De fait, entre 2004 et 2024, presque la moitié (48%) des personnes de nationalité étrangère immigrées en Suisse avec un permis leur permettant de faire partie de la population résidente permanente l’a fait au motif d’exercer une activité lucrative [8]. Le deuxième motif le plus important a été le regroupement familial (31%). Le regroupement familial, un droit fondamental protégé notamment par la Convention internationale relative aux droits de l’enfant, «suit» en quelque sorte l’immigration pour le travail. Et une partie des personnes entrées en Suisse dans le cadre du regroupement familial rejoignent ensuite directement le marché du travail. La troisième raison la plus importante d’immigration en Suisse est la formation (11%), dans les hautes écoles principalement. La formation des hautes écoles est étroitement liée à la recherche et à ses débouchés économiques. En résumé, au cours des vingt dernières années, neuf entrées sur dix de personnes immigrées en Suisse sont directement ou indirectement liées aux besoins de «l’économie».
En comparaison, les entrées dans la population résidente permanente de personnes réfugiées ou relevant des «cas de rigueur» représentent à peine 6% du total. Alors que les personnes dans le monde fuyant leur pays à la recherche d’un asile n’ont jamais été aussi nombreuses, la Suisse en fait toujours moins dans ce domaine: jusqu’en 2012, elle accueillait environ 6% des demandes d’asile en Europe, depuis 2015, cette part a été divisée par deux [9]. Et economiesuisse revendique, comme l’UDC, encore plus de «rigueur» dans l’application de loi sur l’asile, c’est-à-dire encore plus de refoulements! [10]

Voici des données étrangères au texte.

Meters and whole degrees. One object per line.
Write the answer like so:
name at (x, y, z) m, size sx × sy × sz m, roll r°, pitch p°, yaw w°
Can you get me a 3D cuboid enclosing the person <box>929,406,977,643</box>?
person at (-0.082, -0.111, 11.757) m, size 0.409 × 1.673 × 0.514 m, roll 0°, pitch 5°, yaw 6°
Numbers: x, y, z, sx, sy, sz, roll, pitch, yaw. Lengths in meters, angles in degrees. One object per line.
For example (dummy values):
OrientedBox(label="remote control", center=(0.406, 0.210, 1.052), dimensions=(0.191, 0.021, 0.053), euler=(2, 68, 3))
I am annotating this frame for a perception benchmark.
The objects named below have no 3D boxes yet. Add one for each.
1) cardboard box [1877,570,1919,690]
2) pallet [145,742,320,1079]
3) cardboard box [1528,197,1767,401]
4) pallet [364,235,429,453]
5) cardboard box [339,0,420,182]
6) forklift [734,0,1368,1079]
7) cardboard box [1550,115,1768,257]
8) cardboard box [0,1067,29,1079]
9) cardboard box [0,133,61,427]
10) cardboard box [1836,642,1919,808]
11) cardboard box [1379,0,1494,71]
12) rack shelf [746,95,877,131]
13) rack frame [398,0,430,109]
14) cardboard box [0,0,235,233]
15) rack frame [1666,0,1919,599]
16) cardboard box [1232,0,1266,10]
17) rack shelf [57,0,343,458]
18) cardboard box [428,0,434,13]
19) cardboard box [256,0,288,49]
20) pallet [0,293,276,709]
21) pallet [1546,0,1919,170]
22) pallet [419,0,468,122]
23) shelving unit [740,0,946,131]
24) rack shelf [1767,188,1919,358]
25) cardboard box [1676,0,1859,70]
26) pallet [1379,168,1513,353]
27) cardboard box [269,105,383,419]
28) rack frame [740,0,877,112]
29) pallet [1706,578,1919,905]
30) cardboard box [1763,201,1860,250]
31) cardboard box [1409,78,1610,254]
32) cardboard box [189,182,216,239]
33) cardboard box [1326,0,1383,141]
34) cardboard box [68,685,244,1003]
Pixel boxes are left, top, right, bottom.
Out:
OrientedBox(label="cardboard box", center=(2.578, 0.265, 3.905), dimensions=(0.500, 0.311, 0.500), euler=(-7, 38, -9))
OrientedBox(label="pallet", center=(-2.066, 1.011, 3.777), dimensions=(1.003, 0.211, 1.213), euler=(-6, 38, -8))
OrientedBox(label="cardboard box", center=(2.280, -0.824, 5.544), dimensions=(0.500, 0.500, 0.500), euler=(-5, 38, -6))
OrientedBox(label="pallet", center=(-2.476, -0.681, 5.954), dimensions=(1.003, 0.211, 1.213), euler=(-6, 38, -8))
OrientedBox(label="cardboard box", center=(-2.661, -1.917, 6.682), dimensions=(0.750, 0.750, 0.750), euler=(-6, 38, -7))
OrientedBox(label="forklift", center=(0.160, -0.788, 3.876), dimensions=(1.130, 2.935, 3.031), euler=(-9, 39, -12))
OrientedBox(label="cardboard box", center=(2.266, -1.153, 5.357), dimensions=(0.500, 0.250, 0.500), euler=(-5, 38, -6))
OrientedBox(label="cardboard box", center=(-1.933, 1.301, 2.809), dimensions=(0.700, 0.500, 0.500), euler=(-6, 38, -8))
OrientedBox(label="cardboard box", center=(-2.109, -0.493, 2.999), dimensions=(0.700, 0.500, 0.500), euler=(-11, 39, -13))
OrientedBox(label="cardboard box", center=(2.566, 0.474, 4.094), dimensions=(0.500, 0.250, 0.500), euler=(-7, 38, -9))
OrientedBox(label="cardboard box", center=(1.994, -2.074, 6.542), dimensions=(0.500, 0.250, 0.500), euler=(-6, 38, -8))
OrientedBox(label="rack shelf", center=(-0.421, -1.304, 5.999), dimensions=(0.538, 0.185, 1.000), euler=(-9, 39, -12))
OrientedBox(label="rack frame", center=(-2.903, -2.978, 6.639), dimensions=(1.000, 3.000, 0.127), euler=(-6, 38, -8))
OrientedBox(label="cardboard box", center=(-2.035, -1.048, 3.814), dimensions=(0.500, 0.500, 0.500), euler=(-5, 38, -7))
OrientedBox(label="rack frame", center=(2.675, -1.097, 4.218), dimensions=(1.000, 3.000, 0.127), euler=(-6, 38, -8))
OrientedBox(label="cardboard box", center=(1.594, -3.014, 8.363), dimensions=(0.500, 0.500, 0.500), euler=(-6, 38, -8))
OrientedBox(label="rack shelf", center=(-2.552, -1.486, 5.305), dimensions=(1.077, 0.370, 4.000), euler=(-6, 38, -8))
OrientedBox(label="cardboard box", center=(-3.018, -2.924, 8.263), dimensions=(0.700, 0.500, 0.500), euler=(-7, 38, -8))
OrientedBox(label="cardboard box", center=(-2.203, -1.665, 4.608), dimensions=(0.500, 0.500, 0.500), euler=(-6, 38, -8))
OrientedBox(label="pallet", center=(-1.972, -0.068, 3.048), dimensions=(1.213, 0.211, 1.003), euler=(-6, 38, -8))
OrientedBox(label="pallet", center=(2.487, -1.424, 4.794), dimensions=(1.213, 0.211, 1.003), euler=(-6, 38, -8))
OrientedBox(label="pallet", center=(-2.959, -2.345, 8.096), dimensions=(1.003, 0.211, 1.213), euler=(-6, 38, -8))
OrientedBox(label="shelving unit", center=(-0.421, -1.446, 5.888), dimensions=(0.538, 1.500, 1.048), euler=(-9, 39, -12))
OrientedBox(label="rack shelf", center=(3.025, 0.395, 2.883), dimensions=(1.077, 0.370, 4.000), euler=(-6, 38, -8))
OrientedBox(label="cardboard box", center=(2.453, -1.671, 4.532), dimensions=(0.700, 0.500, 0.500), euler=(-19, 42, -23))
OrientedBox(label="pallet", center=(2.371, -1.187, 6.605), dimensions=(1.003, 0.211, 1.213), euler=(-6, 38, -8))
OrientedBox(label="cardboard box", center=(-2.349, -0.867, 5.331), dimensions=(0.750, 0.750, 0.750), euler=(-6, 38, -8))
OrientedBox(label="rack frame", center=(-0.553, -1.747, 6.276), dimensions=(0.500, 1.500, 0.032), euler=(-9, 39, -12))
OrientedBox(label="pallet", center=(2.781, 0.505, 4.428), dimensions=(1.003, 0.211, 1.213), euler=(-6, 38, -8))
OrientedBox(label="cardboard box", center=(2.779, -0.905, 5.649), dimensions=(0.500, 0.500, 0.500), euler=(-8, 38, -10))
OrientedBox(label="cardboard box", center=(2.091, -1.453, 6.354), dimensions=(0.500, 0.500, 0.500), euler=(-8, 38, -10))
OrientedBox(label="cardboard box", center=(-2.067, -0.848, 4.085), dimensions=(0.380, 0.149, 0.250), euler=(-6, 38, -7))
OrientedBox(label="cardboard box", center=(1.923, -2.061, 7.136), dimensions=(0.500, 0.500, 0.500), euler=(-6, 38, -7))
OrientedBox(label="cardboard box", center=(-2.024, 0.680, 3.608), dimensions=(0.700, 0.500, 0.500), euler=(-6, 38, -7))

Pour le patronat, c’est «exploitation sans frontières»
Troisième constat. Les «besoins de l’économie» sont donc le moteur de l’immigration en Suisse et de la croissance de la population. Mais quels sont ces «besoins»? Et qui en décide?
Les personnes immigrées qui viennent en Suisse au motif d’une activité lucrative ne se sont pas «auto-invitées»: elles ont conclu un contrat de travail avec un employeur, qui les a recrutées. Les personnes immigrées acceptent ces contrats de travail parce qu’elles y voient un avantage (échapper au chômage, avoir un emploi mieux payé, réaliser une étape nécessaire dans sa carrière professionnelle, …), malgré l’obligation de quitter son pays. Mais ce sont les entreprises qui décident de les recruter, ou pas.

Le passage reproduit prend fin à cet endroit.